# Prototyping with LLM
Before building with large language models, most of my experience with them came from direct interaction: asking questions, refining prompts, and getting surprisingly fluent responses. In those moments, LLMs felt powerful and flexible. However, when I started thinking about using an LLM as part of a real product rather than as a personal assistant, my expectations had to change.
A product needs consistency, predictability, and clear boundaries. It also needs to support users who may not know how to prompt well or even what to ask. My goal was to prototype an AI-supported learning workflow where the model would help users reflect on their work, generate study guidance, or scaffold thinking rather than simply provide answers. On paper, this seemed like a natural fit for an LLM.
The challenge was to move from “this works when I talk to it” to “this works reliably for someone else.”


### Testing the Idea: Prototyping with LLMs in a Workflow

To test this, I began embedding LLM outputs into structured workflows. Instead of open-ended chat, I constrained the model with specific roles, instructions, and expected formats. For example, I asked it to analyze student responses, identify misconceptions, or generate targeted reflection questions based on predefined learning goals.

I also tested the same prompt across multiple inputs to see how stable the outputs were. In theory, if the instructions were clear enough, the model should behave consistently. I treated these prompts almost like product logic: if the input looks like this, the output should follow a predictable pattern.
As I iterated, I realized that many prompts that worked perfectly in isolation started to break when placed inside a system.


![AI Workflow](product.png)

### The Limits I Ran Into

The first thing that broke was consistency. Even with carefully written prompts, the model’s responses varied more than I expected. Sometimes the tone shifted. Sometimes the depth of explanation changed. For a human reader, these differences might feel minor, but in a product context, they created uneven user experiences.
The second issue was overhelpfulness. When the model was designed to support learning, it often gave too much away. Instead of scaffolding thinking, it sometimes jumped straight to polished explanations. This undermined the original learning goal and made it difficult to control cognitive load. What felt helpful in a demo became problematic in a real educational workflow.

Another thing that broke was assumption alignment. The model frequently made assumptions about user intent that were not always correct. If a student response was ambiguous, the AI might confidently interpret it one way, even when multiple interpretations were possible. In a product, this kind of confident guessing can mislead users rather than support them.
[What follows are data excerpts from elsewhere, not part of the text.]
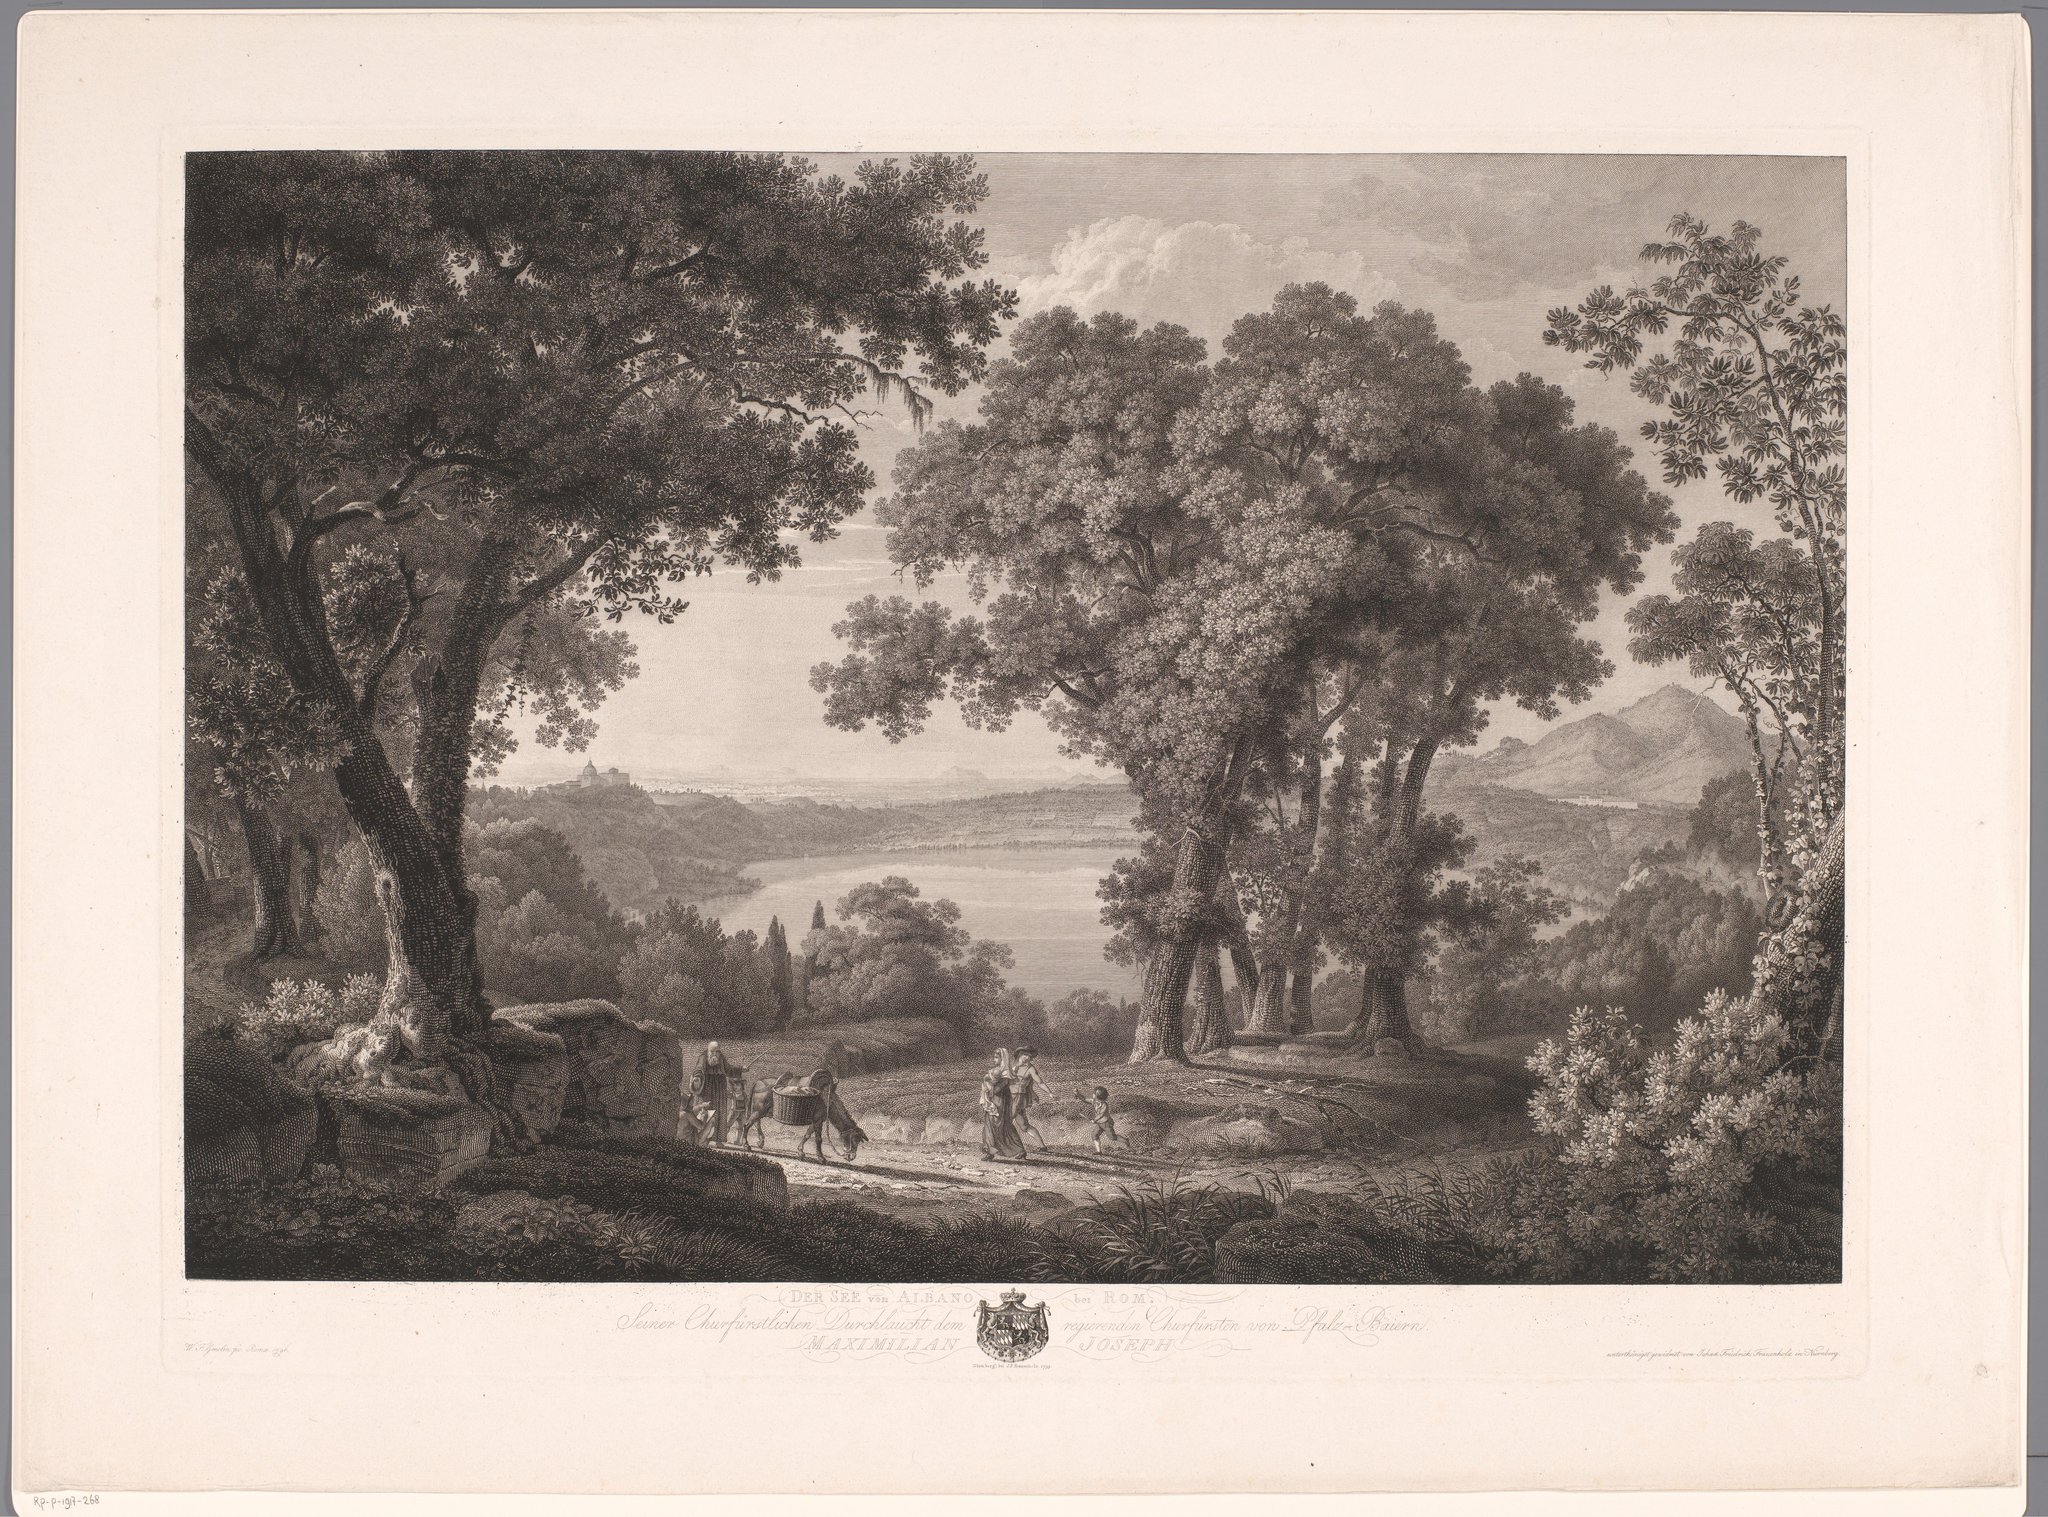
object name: print
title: Der See von Albano dei Rom
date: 1796-1799
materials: paper
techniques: etching
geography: rome
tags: landscapes, lake
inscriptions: company name: Lugt 994, collector's mark: Lugt 2228

Finally, prompt fragility became clear. Small changes in wording, input length, or user tone sometimes led to disproportionately different outputs. This meant the system was more sensitive than expected, which made it hard to design robust guardrails.


### Reflection:
This experience changed how I think about LLMs in products. I no longer see them as plug-and-play intelligence. Instead, they feel more like probabilistic components that require careful framing, monitoring, and constraint. What works in a chat interface does not automatically translate into a reliable system.
I also realized that many of the failures were not technical but conceptual. I initially treated the model as if it understood my design intentions. In reality, it only responds to what is explicitly encoded in prompts and structure. Any ambiguity I left behind showed up later as unexpected behavior.
Perhaps most importantly, this process highlighted the need to design not just for what the AI can do, but for what users need. In learning contexts especially, more fluent output is not always better. Sometimes the most valuable role for AI is to slow things down, ask better questions, or surface uncertainty rather than resolve it.
In the end, what broke was my assumption that intelligence alone makes a good product. Building with LLMs forced me to confront the gap between impressive demos and meaningful, responsible design. That gap is not a failure of the technology, but a reminder that products are systems, not conversations.